> **AIM OF THE EXERCISE**
Nothing but a number should be returned: the count of lines in the records that contain "Bubblegum".

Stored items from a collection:
=== Begin Enclosure ===
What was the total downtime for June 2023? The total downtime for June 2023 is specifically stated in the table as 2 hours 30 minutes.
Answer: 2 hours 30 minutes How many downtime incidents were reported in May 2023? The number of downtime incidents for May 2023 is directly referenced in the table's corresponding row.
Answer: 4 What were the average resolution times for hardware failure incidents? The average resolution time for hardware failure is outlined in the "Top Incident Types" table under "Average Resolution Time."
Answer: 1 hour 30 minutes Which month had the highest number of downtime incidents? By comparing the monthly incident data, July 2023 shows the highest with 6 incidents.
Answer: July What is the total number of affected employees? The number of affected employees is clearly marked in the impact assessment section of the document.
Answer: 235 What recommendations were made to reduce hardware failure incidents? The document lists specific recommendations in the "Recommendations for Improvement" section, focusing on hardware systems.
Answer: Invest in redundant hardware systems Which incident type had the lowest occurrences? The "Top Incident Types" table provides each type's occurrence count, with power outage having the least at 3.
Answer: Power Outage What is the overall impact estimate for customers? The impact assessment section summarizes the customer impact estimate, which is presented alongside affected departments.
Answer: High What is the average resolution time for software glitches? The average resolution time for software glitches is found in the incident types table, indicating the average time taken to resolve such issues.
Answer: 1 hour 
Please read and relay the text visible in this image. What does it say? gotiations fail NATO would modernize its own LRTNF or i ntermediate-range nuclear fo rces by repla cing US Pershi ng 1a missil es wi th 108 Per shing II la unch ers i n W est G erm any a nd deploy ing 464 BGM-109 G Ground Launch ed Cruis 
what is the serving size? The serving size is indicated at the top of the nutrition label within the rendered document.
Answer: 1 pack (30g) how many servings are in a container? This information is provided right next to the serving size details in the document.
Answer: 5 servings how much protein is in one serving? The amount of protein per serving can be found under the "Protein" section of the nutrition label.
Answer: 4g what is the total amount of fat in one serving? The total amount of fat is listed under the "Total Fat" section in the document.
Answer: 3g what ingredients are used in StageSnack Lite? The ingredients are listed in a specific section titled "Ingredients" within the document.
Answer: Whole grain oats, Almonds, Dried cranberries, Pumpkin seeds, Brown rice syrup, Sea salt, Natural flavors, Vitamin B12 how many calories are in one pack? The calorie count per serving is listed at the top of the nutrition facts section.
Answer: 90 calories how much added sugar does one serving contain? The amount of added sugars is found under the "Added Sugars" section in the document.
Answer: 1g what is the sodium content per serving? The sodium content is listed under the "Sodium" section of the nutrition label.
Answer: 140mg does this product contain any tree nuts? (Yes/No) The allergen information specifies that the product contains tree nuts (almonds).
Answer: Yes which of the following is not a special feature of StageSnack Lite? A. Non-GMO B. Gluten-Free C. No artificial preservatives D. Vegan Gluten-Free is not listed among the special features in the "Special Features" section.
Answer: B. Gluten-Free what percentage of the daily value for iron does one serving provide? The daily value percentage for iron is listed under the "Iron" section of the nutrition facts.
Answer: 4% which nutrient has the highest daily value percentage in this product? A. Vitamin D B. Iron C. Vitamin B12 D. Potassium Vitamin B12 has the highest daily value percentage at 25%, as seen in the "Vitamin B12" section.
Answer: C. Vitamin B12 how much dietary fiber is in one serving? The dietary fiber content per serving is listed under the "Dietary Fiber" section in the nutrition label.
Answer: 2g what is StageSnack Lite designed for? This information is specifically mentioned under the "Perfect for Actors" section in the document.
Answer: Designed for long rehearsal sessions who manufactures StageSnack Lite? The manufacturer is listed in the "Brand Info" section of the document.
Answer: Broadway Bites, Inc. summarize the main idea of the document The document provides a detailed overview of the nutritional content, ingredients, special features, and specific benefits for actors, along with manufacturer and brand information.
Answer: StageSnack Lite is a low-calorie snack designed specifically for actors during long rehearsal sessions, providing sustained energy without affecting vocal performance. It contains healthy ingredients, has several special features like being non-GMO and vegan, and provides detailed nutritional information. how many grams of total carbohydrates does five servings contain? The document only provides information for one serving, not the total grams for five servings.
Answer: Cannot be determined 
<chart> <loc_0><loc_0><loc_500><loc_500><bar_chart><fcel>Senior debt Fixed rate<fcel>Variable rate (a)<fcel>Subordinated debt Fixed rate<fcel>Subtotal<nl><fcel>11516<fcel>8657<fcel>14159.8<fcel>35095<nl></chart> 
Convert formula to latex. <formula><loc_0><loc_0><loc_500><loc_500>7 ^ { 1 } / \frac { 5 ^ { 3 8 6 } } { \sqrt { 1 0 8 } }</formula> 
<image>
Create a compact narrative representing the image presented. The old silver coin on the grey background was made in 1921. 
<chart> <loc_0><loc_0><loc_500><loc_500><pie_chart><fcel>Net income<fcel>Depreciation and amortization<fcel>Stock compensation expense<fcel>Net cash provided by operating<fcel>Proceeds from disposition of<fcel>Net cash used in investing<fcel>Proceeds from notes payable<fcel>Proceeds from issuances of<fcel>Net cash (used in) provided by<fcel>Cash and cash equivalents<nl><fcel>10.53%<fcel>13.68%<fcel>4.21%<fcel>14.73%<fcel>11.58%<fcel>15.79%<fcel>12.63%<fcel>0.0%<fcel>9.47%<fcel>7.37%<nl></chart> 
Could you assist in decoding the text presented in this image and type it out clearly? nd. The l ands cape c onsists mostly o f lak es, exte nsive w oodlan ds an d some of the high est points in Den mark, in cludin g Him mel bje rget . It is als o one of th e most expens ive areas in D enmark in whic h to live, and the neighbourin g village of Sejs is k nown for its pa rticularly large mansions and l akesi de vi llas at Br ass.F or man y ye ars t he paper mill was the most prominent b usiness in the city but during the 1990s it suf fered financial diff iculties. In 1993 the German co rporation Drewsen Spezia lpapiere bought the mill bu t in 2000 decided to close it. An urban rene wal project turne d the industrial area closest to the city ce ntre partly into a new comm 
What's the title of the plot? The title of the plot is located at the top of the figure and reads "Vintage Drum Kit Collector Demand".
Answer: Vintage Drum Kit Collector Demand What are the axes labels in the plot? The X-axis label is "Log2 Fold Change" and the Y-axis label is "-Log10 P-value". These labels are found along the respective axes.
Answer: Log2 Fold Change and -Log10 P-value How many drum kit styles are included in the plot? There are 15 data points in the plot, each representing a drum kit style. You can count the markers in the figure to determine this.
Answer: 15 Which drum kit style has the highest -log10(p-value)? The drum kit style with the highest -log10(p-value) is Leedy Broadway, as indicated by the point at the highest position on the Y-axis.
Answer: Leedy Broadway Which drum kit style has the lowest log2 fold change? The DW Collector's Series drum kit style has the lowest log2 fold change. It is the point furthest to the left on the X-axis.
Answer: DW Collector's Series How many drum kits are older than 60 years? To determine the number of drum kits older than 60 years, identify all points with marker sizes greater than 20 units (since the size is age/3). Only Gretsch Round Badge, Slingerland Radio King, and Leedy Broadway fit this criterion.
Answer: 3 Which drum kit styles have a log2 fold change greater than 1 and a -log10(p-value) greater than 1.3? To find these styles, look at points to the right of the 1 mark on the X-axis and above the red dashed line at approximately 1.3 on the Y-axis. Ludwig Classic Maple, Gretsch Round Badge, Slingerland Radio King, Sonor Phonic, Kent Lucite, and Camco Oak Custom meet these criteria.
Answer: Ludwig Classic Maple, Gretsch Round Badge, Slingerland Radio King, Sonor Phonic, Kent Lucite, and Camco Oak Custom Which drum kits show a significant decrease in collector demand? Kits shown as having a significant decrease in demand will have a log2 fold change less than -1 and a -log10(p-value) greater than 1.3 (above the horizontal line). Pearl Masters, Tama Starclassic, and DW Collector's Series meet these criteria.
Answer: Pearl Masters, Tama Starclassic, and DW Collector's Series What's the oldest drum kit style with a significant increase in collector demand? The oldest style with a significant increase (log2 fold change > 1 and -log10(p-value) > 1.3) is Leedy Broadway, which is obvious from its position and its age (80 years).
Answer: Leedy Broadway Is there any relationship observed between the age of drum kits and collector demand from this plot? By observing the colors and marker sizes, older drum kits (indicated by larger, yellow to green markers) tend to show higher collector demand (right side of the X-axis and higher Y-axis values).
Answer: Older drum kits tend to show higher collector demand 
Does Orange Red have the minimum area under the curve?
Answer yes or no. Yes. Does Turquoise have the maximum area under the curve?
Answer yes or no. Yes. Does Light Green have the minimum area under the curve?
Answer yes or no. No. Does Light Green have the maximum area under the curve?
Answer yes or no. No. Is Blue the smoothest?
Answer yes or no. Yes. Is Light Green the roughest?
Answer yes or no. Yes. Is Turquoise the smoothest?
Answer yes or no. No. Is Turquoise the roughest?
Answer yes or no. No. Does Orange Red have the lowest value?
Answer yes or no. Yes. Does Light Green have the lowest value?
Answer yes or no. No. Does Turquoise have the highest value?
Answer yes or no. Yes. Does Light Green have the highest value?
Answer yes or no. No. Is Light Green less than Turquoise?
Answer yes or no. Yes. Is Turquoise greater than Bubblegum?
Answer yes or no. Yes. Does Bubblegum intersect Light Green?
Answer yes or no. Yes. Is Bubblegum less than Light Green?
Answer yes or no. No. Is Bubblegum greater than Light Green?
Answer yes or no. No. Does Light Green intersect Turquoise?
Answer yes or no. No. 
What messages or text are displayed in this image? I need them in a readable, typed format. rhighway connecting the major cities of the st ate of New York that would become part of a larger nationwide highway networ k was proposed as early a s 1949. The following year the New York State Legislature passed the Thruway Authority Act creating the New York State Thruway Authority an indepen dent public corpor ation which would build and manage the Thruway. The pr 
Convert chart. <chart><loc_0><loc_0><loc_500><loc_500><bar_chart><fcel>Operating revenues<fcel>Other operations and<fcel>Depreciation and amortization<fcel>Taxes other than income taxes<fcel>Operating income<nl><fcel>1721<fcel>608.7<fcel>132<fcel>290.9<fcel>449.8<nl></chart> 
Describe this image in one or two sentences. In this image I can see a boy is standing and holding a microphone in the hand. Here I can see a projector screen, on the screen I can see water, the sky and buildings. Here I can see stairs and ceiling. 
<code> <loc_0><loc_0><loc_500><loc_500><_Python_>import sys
=== End Enclosure ===
> **EXERCISE RESULT**
4